### Data for this exercise
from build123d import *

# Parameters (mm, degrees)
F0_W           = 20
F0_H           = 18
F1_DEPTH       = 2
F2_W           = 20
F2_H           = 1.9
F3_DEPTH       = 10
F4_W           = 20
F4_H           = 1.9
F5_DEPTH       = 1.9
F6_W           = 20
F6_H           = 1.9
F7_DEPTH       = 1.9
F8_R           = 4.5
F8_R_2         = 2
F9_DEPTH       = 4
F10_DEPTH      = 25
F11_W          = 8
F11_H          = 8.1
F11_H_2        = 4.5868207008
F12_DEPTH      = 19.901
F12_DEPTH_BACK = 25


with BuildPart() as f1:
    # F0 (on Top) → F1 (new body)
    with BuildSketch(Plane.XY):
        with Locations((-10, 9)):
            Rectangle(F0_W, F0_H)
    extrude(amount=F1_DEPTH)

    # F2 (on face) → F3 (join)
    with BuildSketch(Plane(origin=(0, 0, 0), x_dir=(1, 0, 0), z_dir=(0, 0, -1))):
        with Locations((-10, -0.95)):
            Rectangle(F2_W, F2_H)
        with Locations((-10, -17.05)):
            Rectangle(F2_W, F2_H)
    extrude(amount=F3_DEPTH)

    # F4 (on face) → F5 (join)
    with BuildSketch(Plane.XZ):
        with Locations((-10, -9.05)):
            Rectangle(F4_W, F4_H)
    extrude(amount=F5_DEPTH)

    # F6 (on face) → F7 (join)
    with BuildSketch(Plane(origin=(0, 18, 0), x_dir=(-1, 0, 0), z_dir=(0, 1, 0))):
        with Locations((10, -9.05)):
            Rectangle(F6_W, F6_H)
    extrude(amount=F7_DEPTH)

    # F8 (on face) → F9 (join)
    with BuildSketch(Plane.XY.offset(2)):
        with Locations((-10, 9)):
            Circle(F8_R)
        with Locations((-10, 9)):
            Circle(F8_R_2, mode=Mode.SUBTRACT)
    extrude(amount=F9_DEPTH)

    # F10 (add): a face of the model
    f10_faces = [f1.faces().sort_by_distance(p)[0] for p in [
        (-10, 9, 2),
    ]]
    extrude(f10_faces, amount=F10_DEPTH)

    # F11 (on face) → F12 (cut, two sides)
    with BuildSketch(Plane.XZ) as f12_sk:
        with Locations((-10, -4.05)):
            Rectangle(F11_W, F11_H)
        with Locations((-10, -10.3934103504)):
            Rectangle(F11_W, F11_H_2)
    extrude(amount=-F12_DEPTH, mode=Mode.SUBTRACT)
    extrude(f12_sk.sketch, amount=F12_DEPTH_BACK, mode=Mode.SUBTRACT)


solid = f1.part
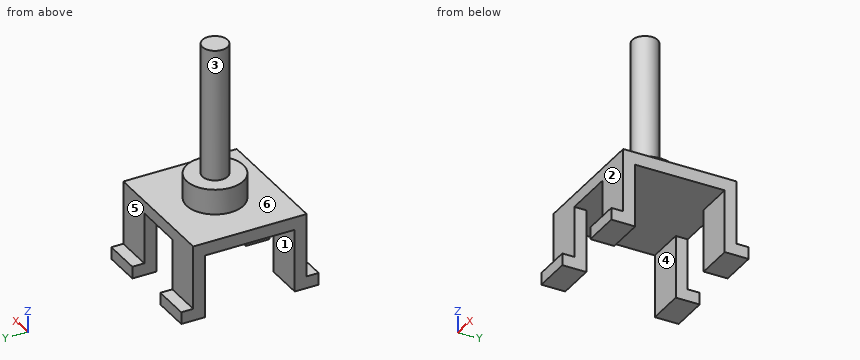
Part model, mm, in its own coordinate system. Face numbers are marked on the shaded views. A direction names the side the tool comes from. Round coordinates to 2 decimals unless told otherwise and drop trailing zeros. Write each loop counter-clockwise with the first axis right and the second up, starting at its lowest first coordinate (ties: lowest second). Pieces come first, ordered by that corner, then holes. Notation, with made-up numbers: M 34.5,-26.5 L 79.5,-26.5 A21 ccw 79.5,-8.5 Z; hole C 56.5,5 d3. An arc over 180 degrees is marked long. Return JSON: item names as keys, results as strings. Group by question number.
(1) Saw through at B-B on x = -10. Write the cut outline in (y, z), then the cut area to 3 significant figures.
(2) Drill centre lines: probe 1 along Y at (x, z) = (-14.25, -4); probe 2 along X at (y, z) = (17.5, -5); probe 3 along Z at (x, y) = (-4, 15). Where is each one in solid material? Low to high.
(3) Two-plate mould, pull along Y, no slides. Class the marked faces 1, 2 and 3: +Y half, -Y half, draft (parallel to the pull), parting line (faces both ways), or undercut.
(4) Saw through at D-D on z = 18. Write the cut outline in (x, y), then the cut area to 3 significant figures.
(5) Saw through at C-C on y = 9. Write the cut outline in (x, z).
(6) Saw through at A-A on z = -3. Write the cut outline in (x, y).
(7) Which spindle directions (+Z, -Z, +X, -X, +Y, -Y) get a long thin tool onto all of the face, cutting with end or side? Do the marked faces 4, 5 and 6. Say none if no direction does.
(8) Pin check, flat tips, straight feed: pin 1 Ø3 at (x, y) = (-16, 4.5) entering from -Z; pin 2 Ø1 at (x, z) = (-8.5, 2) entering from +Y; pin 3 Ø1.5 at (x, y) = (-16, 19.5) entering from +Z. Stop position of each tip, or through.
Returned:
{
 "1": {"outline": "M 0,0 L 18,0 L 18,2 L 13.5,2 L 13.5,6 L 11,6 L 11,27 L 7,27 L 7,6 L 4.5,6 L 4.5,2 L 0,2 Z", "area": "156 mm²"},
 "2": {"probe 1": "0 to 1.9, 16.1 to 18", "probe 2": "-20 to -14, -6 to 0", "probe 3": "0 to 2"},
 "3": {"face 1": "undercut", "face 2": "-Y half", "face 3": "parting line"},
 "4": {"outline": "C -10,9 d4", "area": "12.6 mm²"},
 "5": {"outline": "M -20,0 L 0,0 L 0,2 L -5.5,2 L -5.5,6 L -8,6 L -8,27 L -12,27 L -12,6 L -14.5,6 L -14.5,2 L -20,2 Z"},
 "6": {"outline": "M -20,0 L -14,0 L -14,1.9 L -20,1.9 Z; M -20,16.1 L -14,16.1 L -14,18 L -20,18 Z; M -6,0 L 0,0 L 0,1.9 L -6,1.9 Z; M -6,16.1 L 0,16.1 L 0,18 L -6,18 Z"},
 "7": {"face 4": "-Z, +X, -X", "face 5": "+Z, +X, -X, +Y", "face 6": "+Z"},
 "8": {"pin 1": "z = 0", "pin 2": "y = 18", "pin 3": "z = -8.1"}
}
######
What is expected ->
Above are the entries. Quote exactly the lines from the one bearing "# F8 (on face) → F9 (join)" through the one bearing "extrude(amount=F9_DEPTH)".

Your solution ->
    # F8 (on face) → F9 (join)
    with BuildSketch(Plane.XY.offset(2)):
        with Locations((-10, 9)):
            Circle(F8_R)
        with Locations((-10, 9)):
            Circle(F8_R_2, mode=Mode.SUBTRACT)
    extrude(amount=F9_DEPTH)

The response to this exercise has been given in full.